Task to carry out:
Each line from the material with the word "where" in it must be copied.

Stored data:
——————————
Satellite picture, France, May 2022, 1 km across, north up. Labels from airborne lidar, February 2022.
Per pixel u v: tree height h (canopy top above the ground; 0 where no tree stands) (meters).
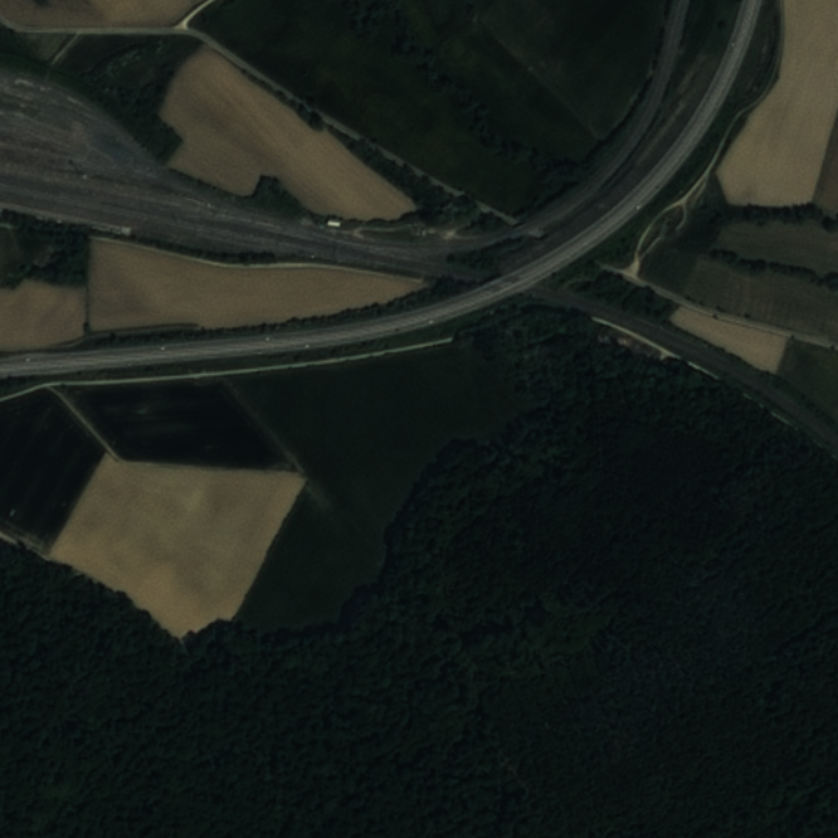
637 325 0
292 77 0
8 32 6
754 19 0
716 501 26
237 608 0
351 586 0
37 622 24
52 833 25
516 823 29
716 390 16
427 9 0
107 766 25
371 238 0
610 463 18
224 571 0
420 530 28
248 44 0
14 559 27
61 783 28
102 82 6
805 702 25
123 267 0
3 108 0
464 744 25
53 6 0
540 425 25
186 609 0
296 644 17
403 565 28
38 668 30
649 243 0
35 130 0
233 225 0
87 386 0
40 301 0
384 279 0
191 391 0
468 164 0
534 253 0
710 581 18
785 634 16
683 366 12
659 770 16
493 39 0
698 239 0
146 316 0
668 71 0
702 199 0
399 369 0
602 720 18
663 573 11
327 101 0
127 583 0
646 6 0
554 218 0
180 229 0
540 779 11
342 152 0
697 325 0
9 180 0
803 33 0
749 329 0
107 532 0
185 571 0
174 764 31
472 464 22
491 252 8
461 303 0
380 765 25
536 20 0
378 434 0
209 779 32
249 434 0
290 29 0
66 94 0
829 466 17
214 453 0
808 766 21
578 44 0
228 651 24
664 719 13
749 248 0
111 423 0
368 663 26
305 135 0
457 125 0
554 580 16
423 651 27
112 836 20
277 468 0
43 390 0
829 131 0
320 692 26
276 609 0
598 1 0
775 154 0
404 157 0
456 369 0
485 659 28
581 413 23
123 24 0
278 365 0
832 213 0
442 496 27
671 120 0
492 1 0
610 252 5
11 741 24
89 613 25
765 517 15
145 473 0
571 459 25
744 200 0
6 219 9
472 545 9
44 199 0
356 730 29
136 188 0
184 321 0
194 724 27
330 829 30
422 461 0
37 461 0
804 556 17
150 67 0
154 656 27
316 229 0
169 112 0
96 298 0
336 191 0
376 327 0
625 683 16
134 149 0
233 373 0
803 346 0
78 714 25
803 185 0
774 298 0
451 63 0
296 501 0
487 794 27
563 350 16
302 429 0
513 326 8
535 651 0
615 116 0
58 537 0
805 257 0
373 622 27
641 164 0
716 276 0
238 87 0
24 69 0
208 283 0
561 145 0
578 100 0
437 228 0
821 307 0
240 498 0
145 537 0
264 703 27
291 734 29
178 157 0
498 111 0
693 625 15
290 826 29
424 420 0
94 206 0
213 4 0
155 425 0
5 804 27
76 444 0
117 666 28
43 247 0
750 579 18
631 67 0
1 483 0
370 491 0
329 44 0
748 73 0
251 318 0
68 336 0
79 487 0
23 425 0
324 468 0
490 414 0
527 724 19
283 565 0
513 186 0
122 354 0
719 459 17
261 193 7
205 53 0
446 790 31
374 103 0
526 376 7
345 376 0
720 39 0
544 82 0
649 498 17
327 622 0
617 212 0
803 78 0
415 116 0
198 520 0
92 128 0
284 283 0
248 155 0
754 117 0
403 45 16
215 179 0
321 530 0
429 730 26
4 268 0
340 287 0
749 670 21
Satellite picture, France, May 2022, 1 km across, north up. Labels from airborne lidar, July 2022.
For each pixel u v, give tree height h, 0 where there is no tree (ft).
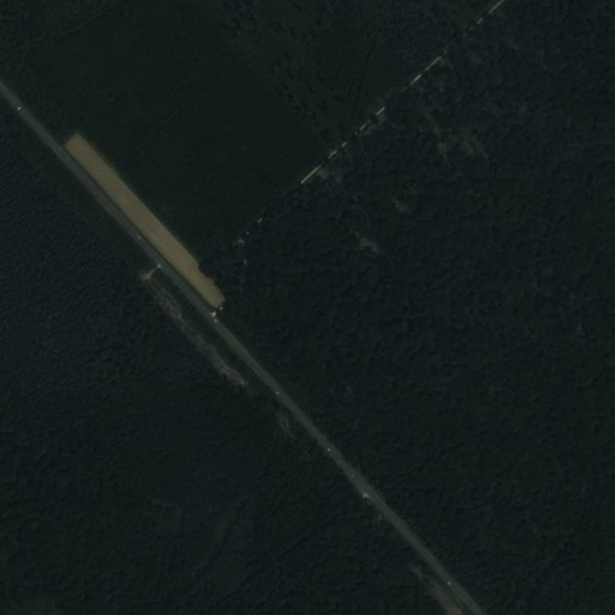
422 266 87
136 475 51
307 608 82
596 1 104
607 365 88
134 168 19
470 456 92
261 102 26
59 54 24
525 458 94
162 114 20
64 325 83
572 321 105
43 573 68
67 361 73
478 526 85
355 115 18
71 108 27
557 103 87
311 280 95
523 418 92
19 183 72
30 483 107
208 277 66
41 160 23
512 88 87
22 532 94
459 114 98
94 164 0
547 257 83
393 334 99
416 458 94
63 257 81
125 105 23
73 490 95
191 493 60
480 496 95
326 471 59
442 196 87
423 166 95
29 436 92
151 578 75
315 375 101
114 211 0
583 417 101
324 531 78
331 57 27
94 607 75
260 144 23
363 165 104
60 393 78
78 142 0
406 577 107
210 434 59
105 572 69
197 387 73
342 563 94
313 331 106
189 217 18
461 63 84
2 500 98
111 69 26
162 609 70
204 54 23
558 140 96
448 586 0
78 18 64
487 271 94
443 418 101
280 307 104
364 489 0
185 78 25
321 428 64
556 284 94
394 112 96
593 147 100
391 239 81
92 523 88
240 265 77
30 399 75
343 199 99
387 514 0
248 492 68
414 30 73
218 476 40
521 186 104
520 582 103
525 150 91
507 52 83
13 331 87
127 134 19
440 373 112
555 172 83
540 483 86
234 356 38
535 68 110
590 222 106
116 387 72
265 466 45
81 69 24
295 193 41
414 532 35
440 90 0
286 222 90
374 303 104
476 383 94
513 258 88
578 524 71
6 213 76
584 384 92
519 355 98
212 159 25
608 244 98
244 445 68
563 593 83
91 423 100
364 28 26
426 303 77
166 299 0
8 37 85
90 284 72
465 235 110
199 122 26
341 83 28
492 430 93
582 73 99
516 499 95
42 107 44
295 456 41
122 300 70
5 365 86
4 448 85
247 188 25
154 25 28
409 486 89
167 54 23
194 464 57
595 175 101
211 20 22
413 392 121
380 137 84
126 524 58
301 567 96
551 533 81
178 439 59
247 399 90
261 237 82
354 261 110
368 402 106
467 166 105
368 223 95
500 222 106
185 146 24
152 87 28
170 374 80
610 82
——————————
Exercise solution:
Per pixel u v: tree height h (canopy top above the ground; 0 where no tree stands) (meters).
For each pixel u v, give tree height h, 0 where there is no tree (ft).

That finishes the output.